### Exercise instructions
Your answer must consist solely of the lines from the one containing "Answer yes or no. Yes. Is Cadet Blue greater" through the last line of the records below, reproduced exactly, with all pictures omitted.

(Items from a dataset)
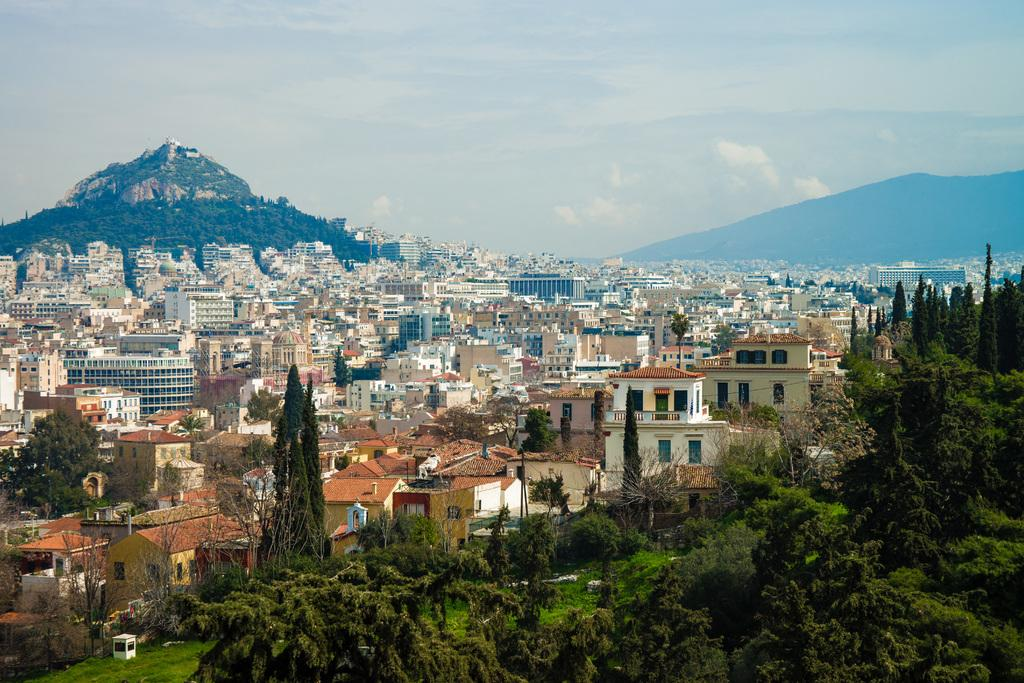What type of structures can be seen in the image? There are buildings in the image. What natural feature is present in the image? There is a mountain in the image. What type of vegetation can be seen in the image? There are trees in the image. What is visible at the top of the image? The sky is visible at the top of the image. What can be observed in the sky? Clouds are present in the sky. What type of quiver can be seen hanging on the mountain in the image? There is no quiver present in the image; it features buildings, a mountain, trees, and clouds in the sky. What hobbies do the buildings in the image engage in? Buildings do not engage in hobbies, as they are inanimate structures. 
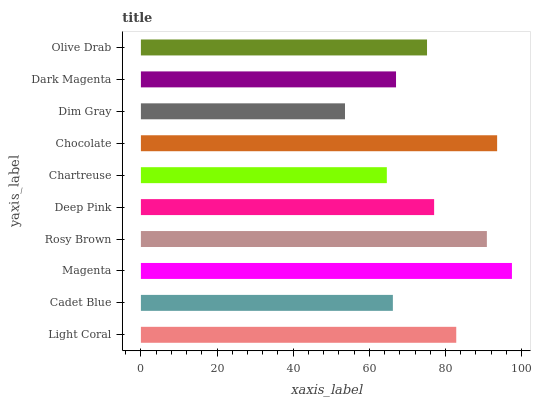Is Dim Gray the minimum?
Answer yes or no. Yes. Is Magenta the maximum?
Answer yes or no. Yes. Is Cadet Blue the minimum?
Answer yes or no. No. Is Cadet Blue the maximum?
Answer yes or no. No. Is Light Coral greater than Cadet Blue?
Answer yes or no. Yes. Is Cadet Blue less than Light Coral?
Answer yes or no. Yes. Is Cadet Blue greater than Light Coral?
Answer yes or no. No. Is Light Coral less than Cadet Blue?
Answer yes or no. No. Is Deep Pink the high median?
Answer yes or no. Yes. Is Olive Drab the low median?
Answer yes or no. Yes. Is Chartreuse the high median?
Answer yes or no. No. Is Cadet Blue the low median?
Answer yes or no. No. 
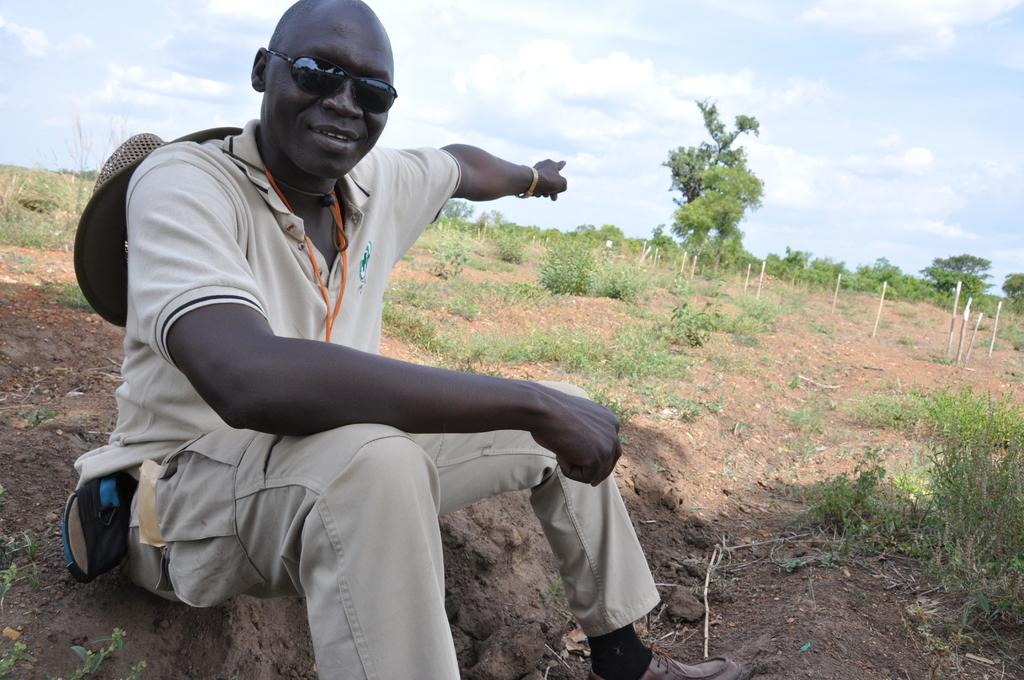Who is present in the image? There is a man in the image. What is the man wearing on his face? The man is wearing goggles. What position is the man in? The man is sitting on the ground. What type of vegetation is on the ground in the image? There is grass on the ground in the image. What can be seen in the background of the image? There are trees in the background of the image. What is visible at the top of the image? The sky is visible at the top of the image. What type of soap is the baby using in the image? There is no baby or soap present in the image; it features a man sitting on the ground with goggles. 
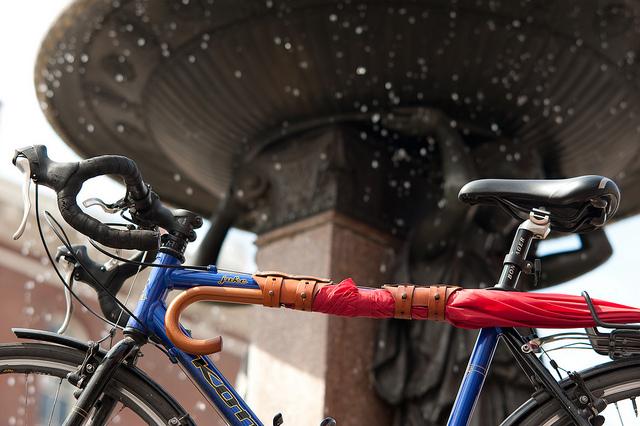What kind of bike is this?
Concise answer only. Road bike. Is someone on the bike?
Short answer required. No. What is attached to the bicycle?
Concise answer only. Umbrella. 
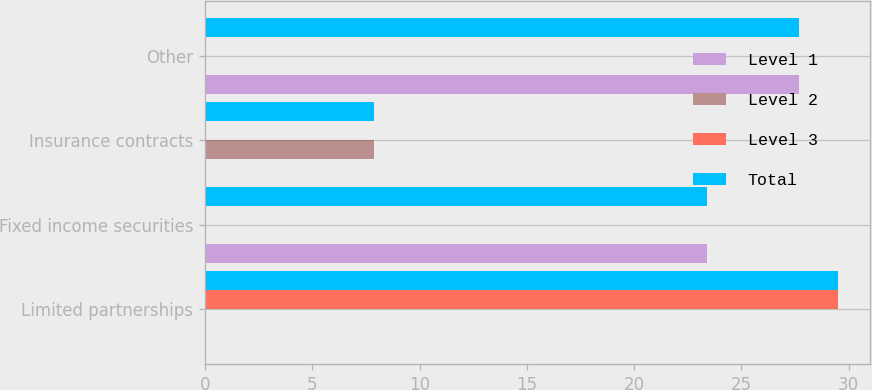Convert chart. <chart><loc_0><loc_0><loc_500><loc_500><stacked_bar_chart><ecel><fcel>Limited partnerships<fcel>Fixed income securities<fcel>Insurance contracts<fcel>Other<nl><fcel>Level 1<fcel>0<fcel>23.4<fcel>0<fcel>27.7<nl><fcel>Level 2<fcel>0<fcel>0<fcel>7.9<fcel>0<nl><fcel>Level 3<fcel>29.5<fcel>0<fcel>0<fcel>0<nl><fcel>Total<fcel>29.5<fcel>23.4<fcel>7.9<fcel>27.7<nl></chart> 
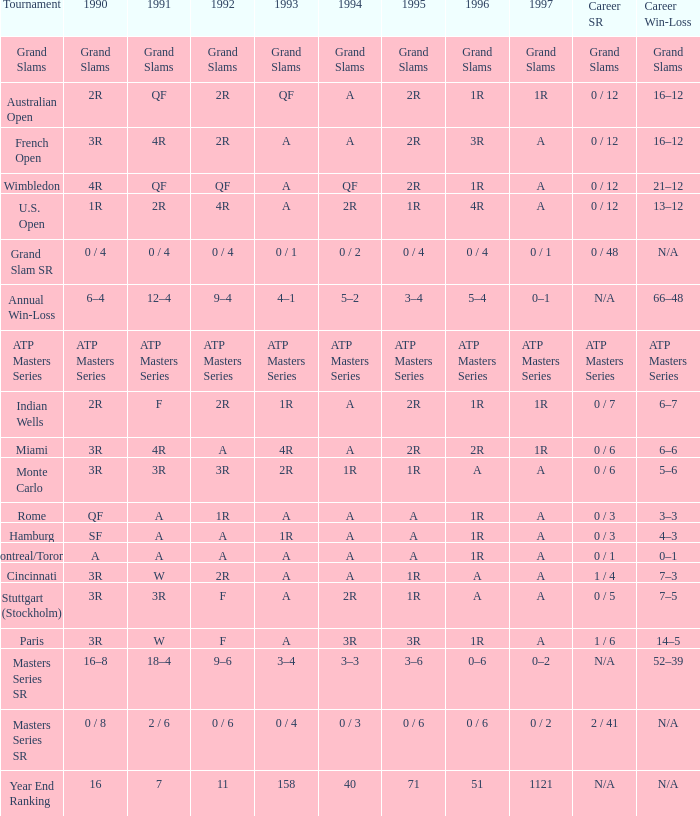What is 1994, when 1991 is "QF", and when Tournament is "Australian Open"? A. 
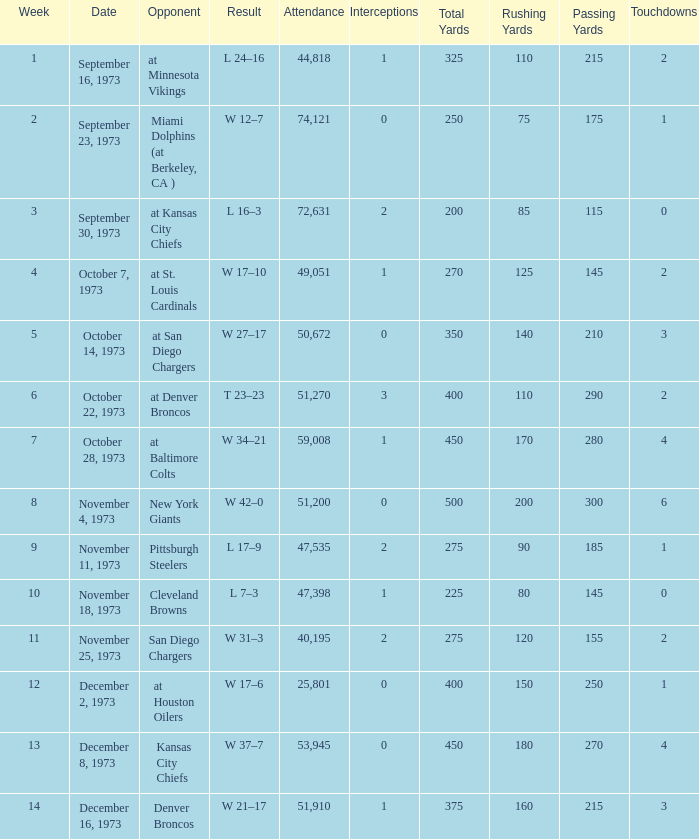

### Solution to the problem
Answer yes or no. Yes. Is Cadet Blue greater than Light Coral?
Answer yes or no. No. Is Light Coral less than Cadet Blue?
Answer yes or no. No. Is Deep Pink the high median?
Answer yes or no. Yes. Is Olive Drab the low median?
Answer yes or no. Yes. Is Chartreuse the high median?
Answer yes or no. No. Is Cadet Blue the low median?
Answer yes or no. No. 
Who is present in the image? There is a man in the image. What is the man wearing on his face? The man is wearing goggles. What position is the man in? The man is sitting on the ground. What type of vegetation is on the ground in the image? There is grass on the ground in the image. What can be seen in the background of the image? There are trees in the background of the image. What is visible at the top of the image? The sky is visible at the top of the image. What type of soap is the baby using in the image? There is no baby or soap present in the image; it features a man sitting on the ground with goggles. 
What kind of bike is this?
Concise answer only. Road bike. Is someone on the bike?
Short answer required. No. What is attached to the bicycle?
Concise answer only. Umbrella. 
Convert chart. <chart><loc_0><loc_0><loc_500><loc_500><stacked_bar_chart><ecel><fcel>Limited partnerships<fcel>Fixed income securities<fcel>Insurance contracts<fcel>Other<nl><fcel>Level 1<fcel>0<fcel>23.4<fcel>0<fcel>27.7<nl><fcel>Level 2<fcel>0<fcel>0<fcel>7.9<fcel>0<nl><fcel>Level 3<fcel>29.5<fcel>0<fcel>0<fcel>0<nl><fcel>Total<fcel>29.5<fcel>23.4<fcel>7.9<fcel>27.7<nl></chart> 
What is 1994, when 1991 is "QF", and when Tournament is "Australian Open"? A. 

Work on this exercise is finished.